---------- DATA UNDER STUDY ----------

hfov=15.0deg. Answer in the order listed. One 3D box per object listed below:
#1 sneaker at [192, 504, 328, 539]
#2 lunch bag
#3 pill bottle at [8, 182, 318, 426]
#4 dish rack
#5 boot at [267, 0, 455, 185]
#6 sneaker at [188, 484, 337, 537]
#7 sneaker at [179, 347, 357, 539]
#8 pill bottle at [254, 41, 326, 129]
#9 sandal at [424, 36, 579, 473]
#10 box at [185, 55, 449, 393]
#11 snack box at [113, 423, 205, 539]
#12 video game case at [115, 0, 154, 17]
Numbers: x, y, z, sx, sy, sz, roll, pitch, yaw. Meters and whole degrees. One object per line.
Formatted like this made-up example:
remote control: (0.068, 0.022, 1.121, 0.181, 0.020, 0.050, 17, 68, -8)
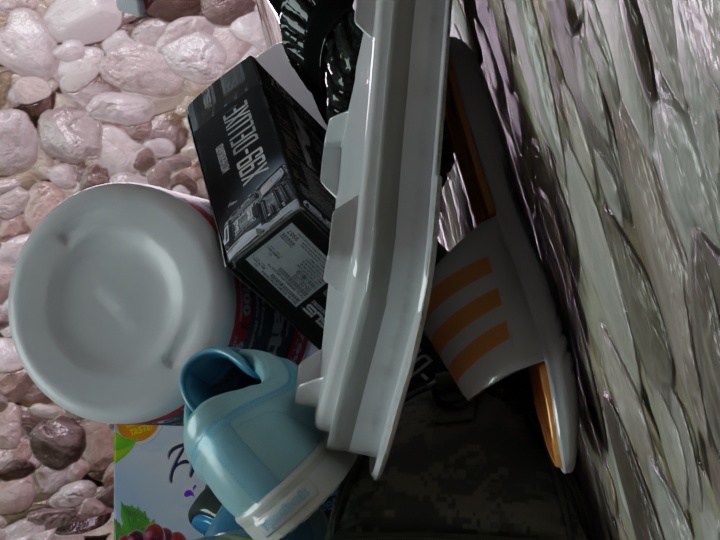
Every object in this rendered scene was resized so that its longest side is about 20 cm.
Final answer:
sneaker: (-0.055, 0.146, 1.272, 0.200, 0.079, 0.131, -83, -12, -45)
lunch bag: (0.050, 0.168, 1.288, 0.168, 0.139, 0.200, -84, -11, -45)
pill bottle: (-0.090, 0.022, 1.424, 0.200, 0.119, 0.120, 10, -117, -72)
dish rack: (0.005, -0.029, 1.180, 0.172, 0.043, 0.201, 102, 175, -55)
boot: (-0.017, -0.145, 1.388, 0.211, 0.079, 0.158, 59, -172, -27)
sneaker: (0.006, 0.138, 1.440, 0.200, 0.082, 0.073, 32, 165, -33)
sneaker: (-0.043, 0.061, 1.266, 0.082, 0.074, 0.200, 51, -176, -6)
pill bottle: (-0.021, -0.057, 1.631, 0.200, 0.116, 0.117, 76, 177, -69)
sandal: (0.047, -0.002, 1.204, 0.079, 0.059, 0.207, 81, 173, -69)
box: (0.000, 0.000, 1.406, 0.200, 0.050, 0.158, 43, -165, -32)
snack box: (-0.050, 0.130, 1.623, 0.053, 0.199, 0.143, 25, -119, -61)
video game case: (-0.081, -0.250, 1.449, 0.200, 0.017, 0.143, -55, -25, -33)

----------

INSTRUCTIONS TO FOLLOW:
All of the data above is to be repeated exactly, with the pictures left out.

THE ANSWER:
hfov=15.0deg. Answer in the order listed. One 3D box per object listed below:
#1 sneaker at [192, 504, 328, 539]
#2 lunch bag
#3 pill bottle at [8, 182, 318, 426]
#4 dish rack
#5 boot at [267, 0, 455, 185]
#6 sneaker at [188, 484, 337, 537]
#7 sneaker at [179, 347, 357, 539]
#8 pill bottle at [254, 41, 326, 129]
#9 sandal at [424, 36, 579, 473]
#10 box at [185, 55, 449, 393]
#11 snack box at [113, 423, 205, 539]
#12 video game case at [115, 0, 154, 17]
Numbers: x, y, z, sx, sy, sz, roll, pitch, yaw. Meters and whole degrees. One object per line.
Formatted like this made-up example:
remote control: (0.068, 0.022, 1.121, 0.181, 0.020, 0.050, 17, 68, -8)
Every object in this rendered scene was resized so that its longest side is about 20 cm.
Final answer:
sneaker: (-0.055, 0.146, 1.272, 0.200, 0.079, 0.131, -83, -12, -45)
lunch bag: (0.050, 0.168, 1.288, 0.168, 0.139, 0.200, -84, -11, -45)
pill bottle: (-0.090, 0.022, 1.424, 0.200, 0.119, 0.120, 10, -117, -72)
dish rack: (0.005, -0.029, 1.180, 0.172, 0.043, 0.201, 102, 175, -55)
boot: (-0.017, -0.145, 1.388, 0.211, 0.079, 0.158, 59, -172, -27)
sneaker: (0.006, 0.138, 1.440, 0.200, 0.082, 0.073, 32, 165, -33)
sneaker: (-0.043, 0.061, 1.266, 0.082, 0.074, 0.200, 51, -176, -6)
pill bottle: (-0.021, -0.057, 1.631, 0.200, 0.116, 0.117, 76, 177, -69)
sandal: (0.047, -0.002, 1.204, 0.079, 0.059, 0.207, 81, 173, -69)
box: (0.000, 0.000, 1.406, 0.200, 0.050, 0.158, 43, -165, -32)
snack box: (-0.050, 0.130, 1.623, 0.053, 0.199, 0.143, 25, -119, -61)
video game case: (-0.081, -0.250, 1.449, 0.200, 0.017, 0.143, -55, -25, -33)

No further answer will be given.